Dalam perkara ini, kata Gidion, pihak penyidik telah menetapkan taruna tingkat dua STIP berinisial TRS sebagai tersangka kasus kematian taruna PSAR. Diduga korban tewas setelah dianiaya oleh tersangka selaku seniornya di dalam toilet kampus tersebut. Korban dipukul lantaran dianggap ada yang salah di mata tersangka sebagai senior. Sehingga kasus ini mengandung unsur senioritas.
“Kehidupan senioritas. Kalau bisa disimpulkan mungkin ada arogansi senioritas. Karena merasa 'mana yang paling kuat', kan ada kalimat-kalimat itu, itu juga nanti mungkin ini menjadi titik tolak untuk melakukan penyelidikan yang lebih,” ungkap Gidion.
Peristiwa tindakan penganiayaan berupa pemukulan yang berujung kematian itu berawal dari korban dan temannya masuk kelas dengan mengenakan kaos olahraga. Kemudian tindakan korban dan teman-temannya tersebut dianggap sebagai sebuah kesalahan oleh tersangka TRS. Sehingga korban dan empat temannya dikumpulkan di dalam toilet.
Siapa yang terkuat...
Selanjutnya, kata Gidion, tersangka TRS menanyakan siapa yang paling kuat diantara mereka. Lalu korban menjawab bahwa dirinyalah yang paling kuat diantara teman-temannya. Karena korban merasa dirinya adalah ketua kelompok dari komunitas tingkat 1 ini. Lalu secara tiba-tiba tersangka TRS langsung melayangkan pukulan tepat di ulu hatinya. Setelah menerima pukulan sebanyak lima kali, korban langsung roboh.
“Penindakan yang dilakukan ini menggunakan kekerasan tangan kosong, tidak menggunakan alat apa-apa, jadi pemukulan menggunakan tangan kosong,” Gidion menambahkan.
Kemudian melihat korban tersungkur, tersangka TRS menyuruh keempat rekan korban meninggalkan toilet. Lalu tersangka TRS membawa korban ke ruang kelas sebelah toilet untuk melakukan upaya pertolongan. Berdasarkan pengakuannya, TRS berusaha menolong dengan cara menarik lidah korban keluar. Namun sayangnya, justru hal itu membuat korban tidak bisa bernapas dan meninggal dunia
“Penyelamatan dilakukan dengan memasukkan tangan ke mulut korban untuk menarik lidahnya. Tapi itu justru yang menutup saluran (pernapasan), korban meninggal dunia,” beber Gidion.

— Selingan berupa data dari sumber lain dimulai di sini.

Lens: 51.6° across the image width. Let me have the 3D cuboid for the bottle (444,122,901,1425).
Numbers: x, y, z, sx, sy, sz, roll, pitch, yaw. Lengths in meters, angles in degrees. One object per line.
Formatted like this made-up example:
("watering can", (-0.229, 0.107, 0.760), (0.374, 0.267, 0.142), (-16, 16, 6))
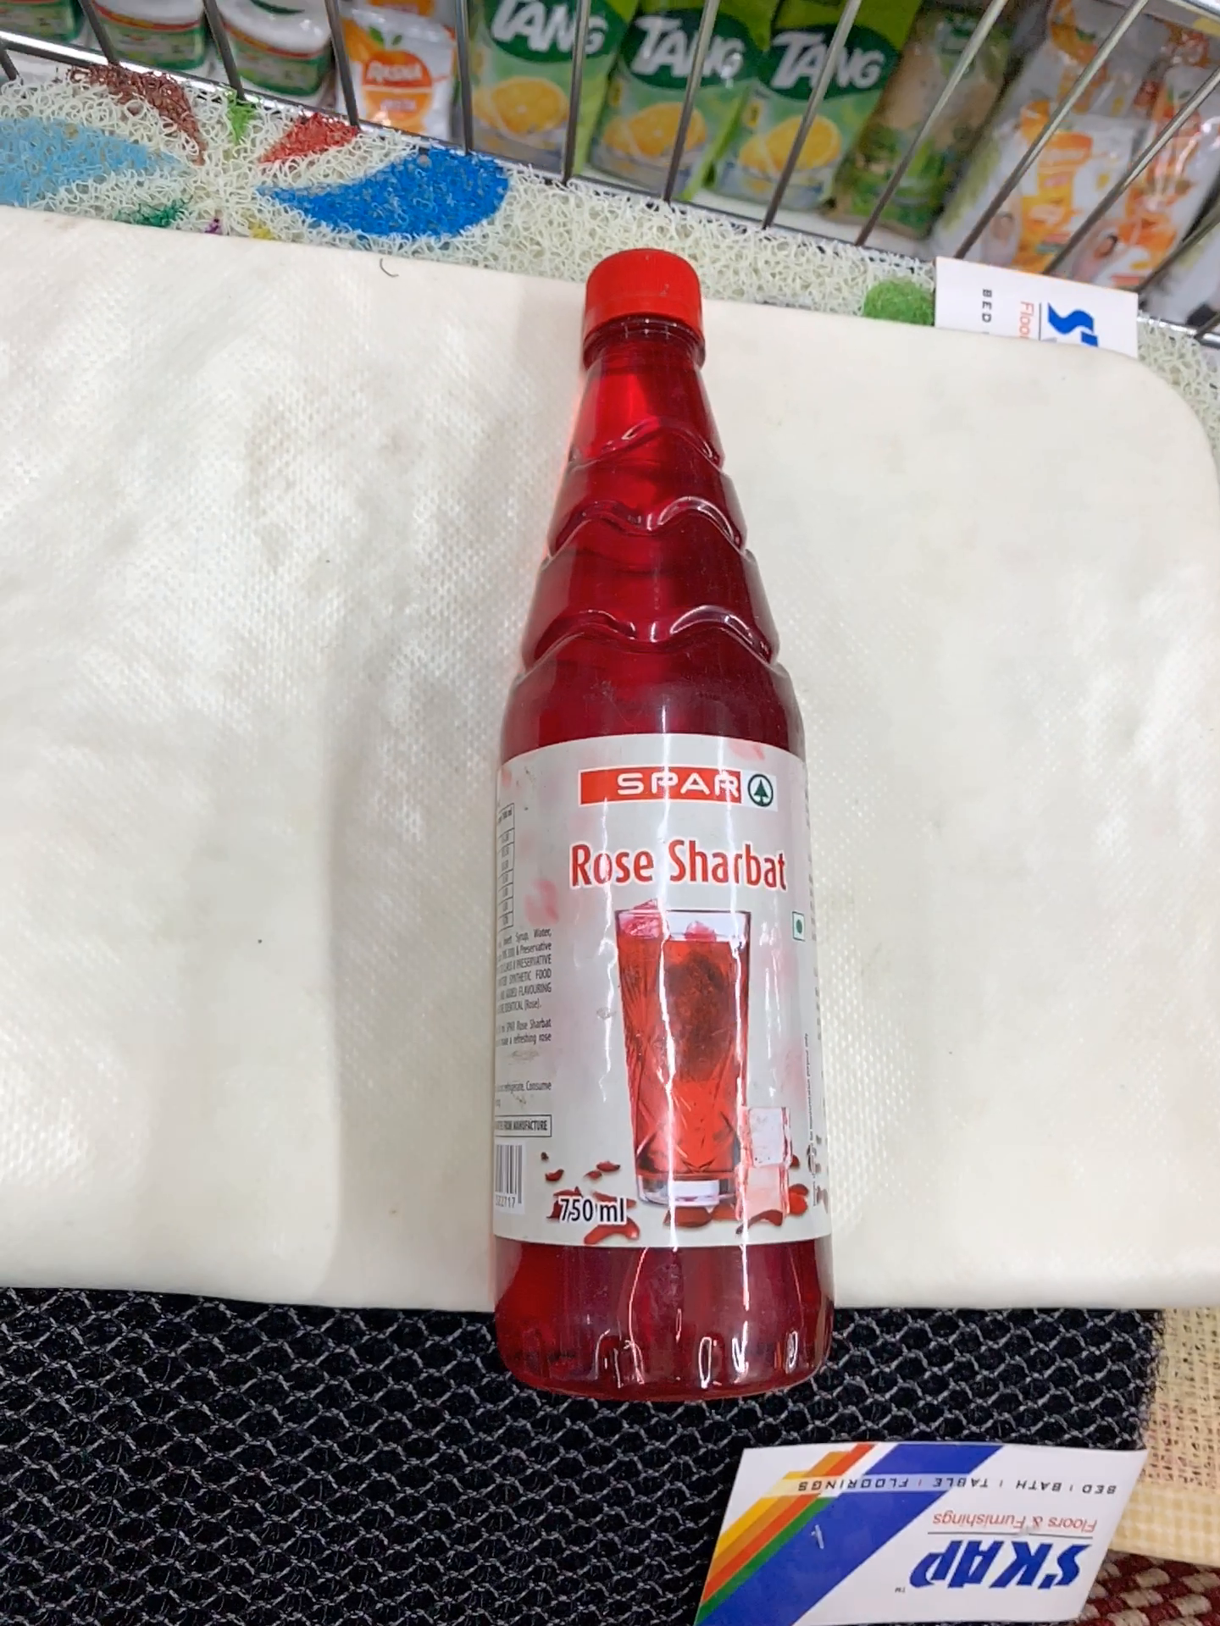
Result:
("bottle", (0.005, -0.011, 0.255), (0.070, 0.070, 0.230), (1, 77, -9))
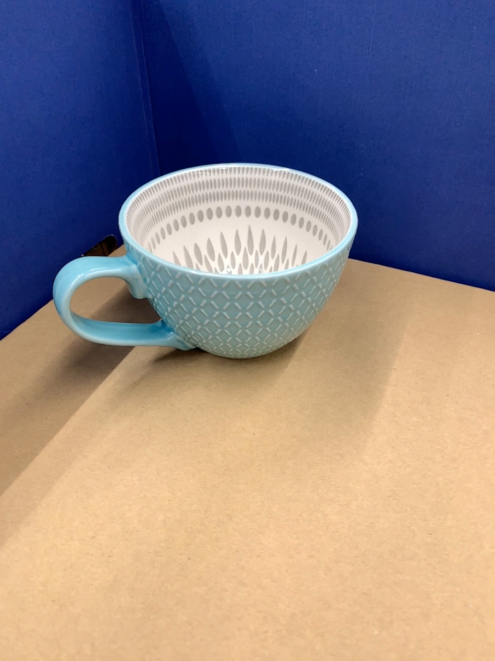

Guna mempertanggungjawabkan perbuatannya, tersangka TRS dijerat dengan Pasal 338 juncto subsider Pasal 351 ayat 3 Kitab Undang-Undang Hukum Pidana. Adapun hukuman yang bakal diterima tersangka adalah ancaman pidana maksimal 15 tahun. "Ini pelaku tunggal yang melakukan aksi ini," ucap Gidion.